Рисование картин в четыре руки, даже не обманываясь на счет их настоящей ценности, позволило Уорхолу оставаться в тонусе и сохранить позицию лидера, по крайней мере в компании неблагоразумного Баския… а также следить за движением арт-объектов вокруг своего беспокойного кружка и вокруг других тоже.
С Кастелли Энди заключил соглашение: если он что-нибудь продает, то получает комиссионные, но Кастелли не слишком усердно поднимал цены на Уорхола. Основной доход галерея получала от продажи Роя Лихтенштейна и Джаспера Джонса. «Он мог бы устроить нашу выставку: меня и Жан-Мишеля, но картины ему не нужны, а вот Тони Шафрази
[681] картины очень нужны». «Если кто-то по-настоящему чего-то хочет, я всегда на его стороне», – часто говорил он.
Однажды ему позвонил Бруно Бишофбергер. В разговоре выяснилось, что картины, созданные им с Ба-ския и Клементе, о которых известный швейцарский арт-дилер отозвался как о «любопытных вещицах», вряд ли найдется покупатель. Правда, четырнадцать из них он купил у Уорхола за 20 000 долларов, теперь продает от 40 000 до 60 000 долларов за картину! «У меня появилось странное чувство, – сказал он, – что он дал больше Клементе: я не замечал, чтобы он что-то делал за столь низкую плату. Больше должен был бы получить я, потому что мое имя поднимает цену, – и с обычной своей ироничной прямотой добавил: – Ну, конечно, Жан-Мишель вынудил меня рисовать по-другому, и получилось неплохо».
Да, Баския подтолкнул его к другой манере рисования, которая давала возможность уйти от неестественного, жеманного, слегка «женственного» – в духе Кокто, мазка, прорывавшегося время от времени, когда Уорхол позволял себе немного порисовать – оставить свой след в произведении, созданном целиком механически-промышленным способом. Эти изменения стали заметны в его необычных вариациях, первой из которой была «Тайная вечеря» Леонардо да Винчи.
Существует мнение, что эти упражнения помогли Уорхолу сделать новый шаг в деперсонализации и обезличивании своих картин. Теперь он предлагал использовать граффити Баския в качестве фона к его композициям. Нельзя сказать, что это был неверный ход, но, может, это свидетельствует о какой-то проблеме?
Уорхол «разбирал» себя под микроскопом. У него снова появились свежие идеи. Возможно, в очередной раз на помощь пришла та, давнишняя, радость от работы не в одиночку, которая ему была знакома с детских лет, когда рядом всегда была мама, или от творчества с первыми своими помощниками.

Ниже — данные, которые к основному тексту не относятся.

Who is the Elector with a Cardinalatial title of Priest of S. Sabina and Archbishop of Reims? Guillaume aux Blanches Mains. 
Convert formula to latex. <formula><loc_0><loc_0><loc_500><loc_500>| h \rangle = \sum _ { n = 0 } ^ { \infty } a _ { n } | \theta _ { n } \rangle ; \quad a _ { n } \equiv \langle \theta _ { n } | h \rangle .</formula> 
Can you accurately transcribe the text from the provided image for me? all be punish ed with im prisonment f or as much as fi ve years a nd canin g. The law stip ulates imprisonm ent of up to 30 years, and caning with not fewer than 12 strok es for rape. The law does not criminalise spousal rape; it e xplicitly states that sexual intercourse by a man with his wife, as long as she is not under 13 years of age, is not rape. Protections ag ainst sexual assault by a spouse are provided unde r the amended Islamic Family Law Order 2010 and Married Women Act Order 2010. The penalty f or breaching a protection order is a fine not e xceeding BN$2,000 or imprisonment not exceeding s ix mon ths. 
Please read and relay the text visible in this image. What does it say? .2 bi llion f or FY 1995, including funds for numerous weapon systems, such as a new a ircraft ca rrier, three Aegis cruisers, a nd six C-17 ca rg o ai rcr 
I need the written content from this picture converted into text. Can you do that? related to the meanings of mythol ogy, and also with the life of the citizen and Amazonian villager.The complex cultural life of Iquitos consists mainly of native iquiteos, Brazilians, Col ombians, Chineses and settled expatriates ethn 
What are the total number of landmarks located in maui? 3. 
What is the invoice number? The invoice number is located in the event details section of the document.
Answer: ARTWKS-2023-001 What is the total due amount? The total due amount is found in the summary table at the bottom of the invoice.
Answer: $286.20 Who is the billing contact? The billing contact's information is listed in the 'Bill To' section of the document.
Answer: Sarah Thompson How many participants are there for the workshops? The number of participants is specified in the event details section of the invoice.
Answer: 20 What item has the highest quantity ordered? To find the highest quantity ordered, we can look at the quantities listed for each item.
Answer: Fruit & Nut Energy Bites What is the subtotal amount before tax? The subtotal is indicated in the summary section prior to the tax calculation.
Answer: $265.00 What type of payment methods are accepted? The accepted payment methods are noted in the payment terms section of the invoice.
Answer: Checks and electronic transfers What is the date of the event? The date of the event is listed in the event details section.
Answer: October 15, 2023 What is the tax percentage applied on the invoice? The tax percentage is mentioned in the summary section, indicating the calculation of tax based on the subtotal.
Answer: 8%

У него снова появилась энергия, та особая энергия улицы, которую выплескивал на картины Баския в начале 1980-х годов. Эту энергию молодости Уорхол, как ненасытный вампир, вбирал в себя с большим наслаждением.
Это нисколько не мешало Уорхолу как всегда трезво анализировать все, что происходило и делалось вокруг него, отмечать как положительные, так и отрицательные стороны. 16 апреля 1984 года: «В 6 часов я нарисовал картину “Собака”, потратив на это пять минут. Сфотографировал ее, потом через проектор перевел изображение картины на бумагу и обвел контуры. Сначала карандашом, а потом краской, как делает Жан-Мишель. По-моему, картины, которые мы делаем вместе, только выиграют, если нельзя будет определить, кто какую часть делал». 17 апреля 1984 года: «Пришел в офис, позвонил Жан-Мишелю. Он пришел и стал писать краской что-то свое поверх той части картины, которую делал я. Не знаю, стало ли лучше».
Немного зависти и ревности примешалось к этим хвастливым словам, замечаниям, критическим отзывам, к этим оценкам. Уорхол отмечал, что Бруно Бишофбергер, зайдя к Баския, увидел еще не оконченную его картину и тут же воскликнул: «Я хочу ее, я хочу ее!», сунул ему в руки деньги и унес добычу. «Я испытал странное чувство, – писал он в “Дневнике” 3 октября 1984 года, – потому что вон уже сколько времени никто так не реагировал на мои картины. А ведь когда-то только так и реагировали».